= Excerpted records =

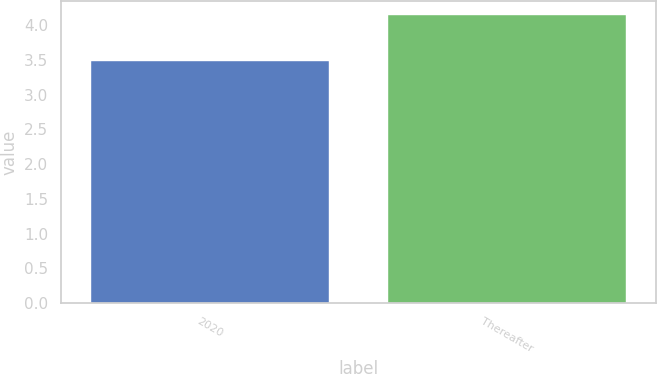<chart> <loc_0><loc_0><loc_500><loc_500><bar_chart><fcel>2020<fcel>Thereafter<nl><fcel>3.49<fcel>4.14<nl></chart> 
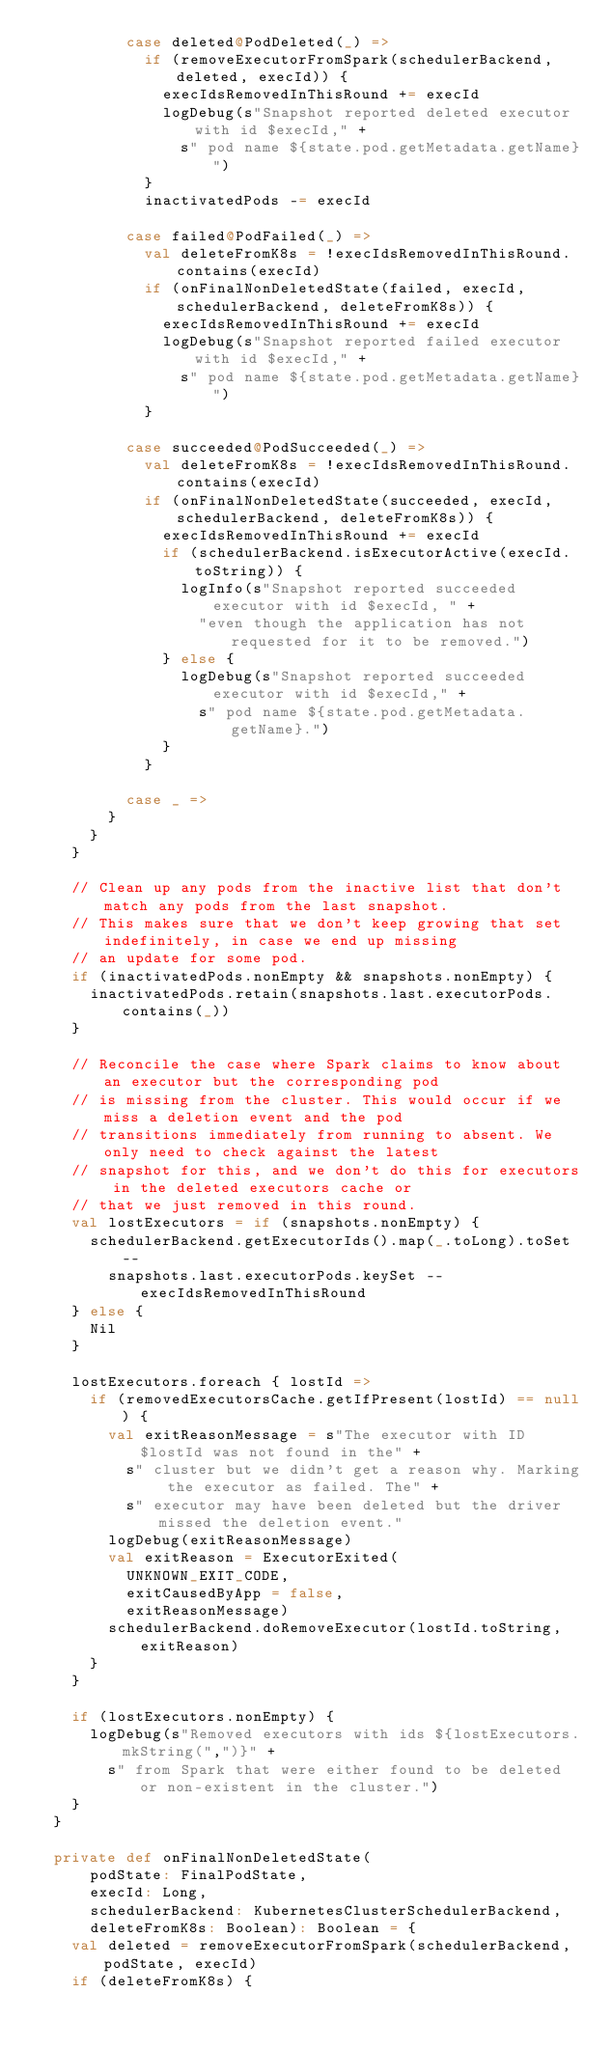<code> <loc_0><loc_0><loc_500><loc_500><_Scala_>          case deleted@PodDeleted(_) =>
            if (removeExecutorFromSpark(schedulerBackend, deleted, execId)) {
              execIdsRemovedInThisRound += execId
              logDebug(s"Snapshot reported deleted executor with id $execId," +
                s" pod name ${state.pod.getMetadata.getName}")
            }
            inactivatedPods -= execId

          case failed@PodFailed(_) =>
            val deleteFromK8s = !execIdsRemovedInThisRound.contains(execId)
            if (onFinalNonDeletedState(failed, execId, schedulerBackend, deleteFromK8s)) {
              execIdsRemovedInThisRound += execId
              logDebug(s"Snapshot reported failed executor with id $execId," +
                s" pod name ${state.pod.getMetadata.getName}")
            }

          case succeeded@PodSucceeded(_) =>
            val deleteFromK8s = !execIdsRemovedInThisRound.contains(execId)
            if (onFinalNonDeletedState(succeeded, execId, schedulerBackend, deleteFromK8s)) {
              execIdsRemovedInThisRound += execId
              if (schedulerBackend.isExecutorActive(execId.toString)) {
                logInfo(s"Snapshot reported succeeded executor with id $execId, " +
                  "even though the application has not requested for it to be removed.")
              } else {
                logDebug(s"Snapshot reported succeeded executor with id $execId," +
                  s" pod name ${state.pod.getMetadata.getName}.")
              }
            }

          case _ =>
        }
      }
    }

    // Clean up any pods from the inactive list that don't match any pods from the last snapshot.
    // This makes sure that we don't keep growing that set indefinitely, in case we end up missing
    // an update for some pod.
    if (inactivatedPods.nonEmpty && snapshots.nonEmpty) {
      inactivatedPods.retain(snapshots.last.executorPods.contains(_))
    }

    // Reconcile the case where Spark claims to know about an executor but the corresponding pod
    // is missing from the cluster. This would occur if we miss a deletion event and the pod
    // transitions immediately from running to absent. We only need to check against the latest
    // snapshot for this, and we don't do this for executors in the deleted executors cache or
    // that we just removed in this round.
    val lostExecutors = if (snapshots.nonEmpty) {
      schedulerBackend.getExecutorIds().map(_.toLong).toSet --
        snapshots.last.executorPods.keySet -- execIdsRemovedInThisRound
    } else {
      Nil
    }

    lostExecutors.foreach { lostId =>
      if (removedExecutorsCache.getIfPresent(lostId) == null) {
        val exitReasonMessage = s"The executor with ID $lostId was not found in the" +
          s" cluster but we didn't get a reason why. Marking the executor as failed. The" +
          s" executor may have been deleted but the driver missed the deletion event."
        logDebug(exitReasonMessage)
        val exitReason = ExecutorExited(
          UNKNOWN_EXIT_CODE,
          exitCausedByApp = false,
          exitReasonMessage)
        schedulerBackend.doRemoveExecutor(lostId.toString, exitReason)
      }
    }

    if (lostExecutors.nonEmpty) {
      logDebug(s"Removed executors with ids ${lostExecutors.mkString(",")}" +
        s" from Spark that were either found to be deleted or non-existent in the cluster.")
    }
  }

  private def onFinalNonDeletedState(
      podState: FinalPodState,
      execId: Long,
      schedulerBackend: KubernetesClusterSchedulerBackend,
      deleteFromK8s: Boolean): Boolean = {
    val deleted = removeExecutorFromSpark(schedulerBackend, podState, execId)
    if (deleteFromK8s) {</code> 
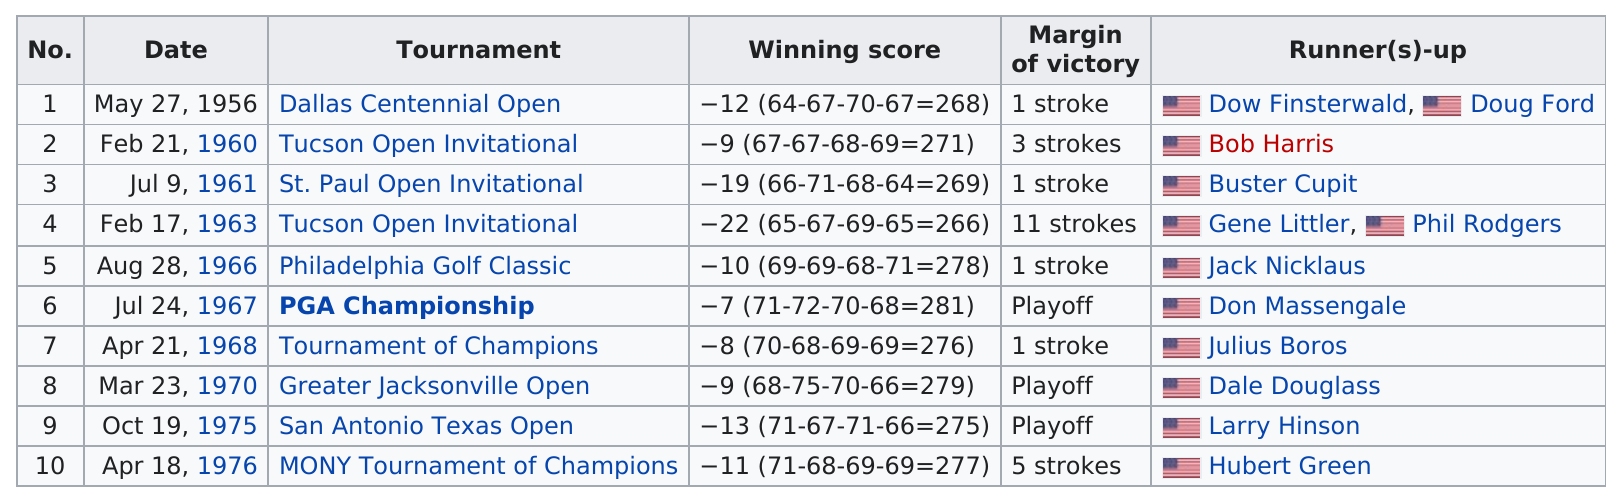Outline some significant characteristics in this image. The margin of victory with the largest stroke count was 11. In the Tucson Open Invitational, he achieved the largest margin of victory, demonstrating his exceptional skills and dominance in the field. Don January won the Tucson Open Invitational twice, in 1960 and 1963. There were one runner-up on July 24, 1967. The margin of victory in the 1963 Tucson Open Invitational was 11 strokes. 
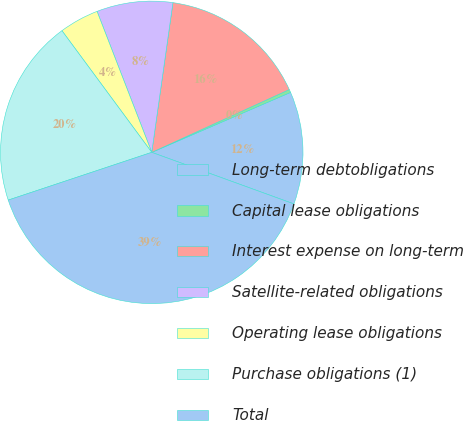Convert chart. <chart><loc_0><loc_0><loc_500><loc_500><pie_chart><fcel>Long-term debtobligations<fcel>Capital lease obligations<fcel>Interest expense on long-term<fcel>Satellite-related obligations<fcel>Operating lease obligations<fcel>Purchase obligations (1)<fcel>Total<nl><fcel>12.03%<fcel>0.33%<fcel>15.94%<fcel>8.13%<fcel>4.23%<fcel>19.99%<fcel>39.35%<nl></chart> 
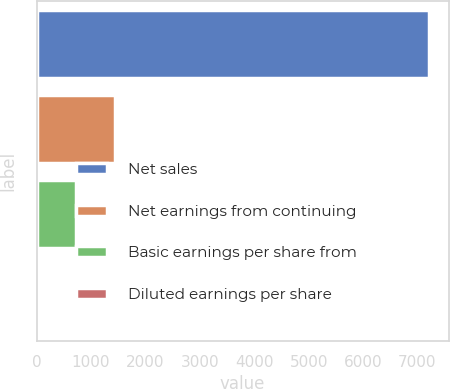Convert chart. <chart><loc_0><loc_0><loc_500><loc_500><bar_chart><fcel>Net sales<fcel>Net earnings from continuing<fcel>Basic earnings per share from<fcel>Diluted earnings per share<nl><fcel>7214.4<fcel>1444.55<fcel>723.32<fcel>2.09<nl></chart> 
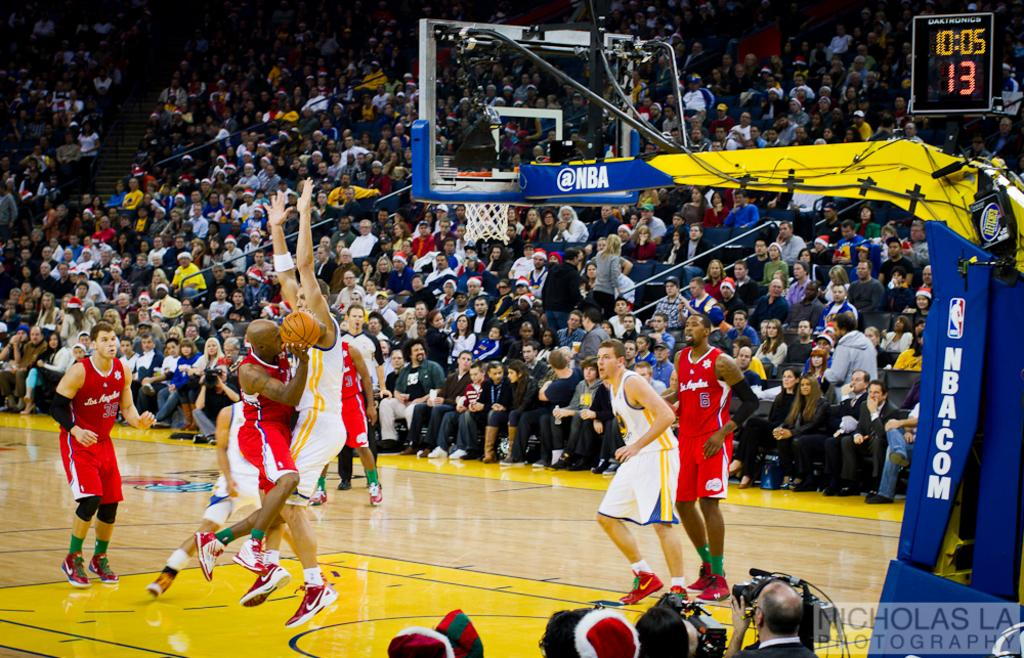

= What you are asked to do =
Of the records above, copy each line that includes "deletion".

= Solution for this task =
    // is missing from the cluster. This would occur if we miss a deletion event and the pod
          s" executor may have been deleted but the driver missed the deletion event."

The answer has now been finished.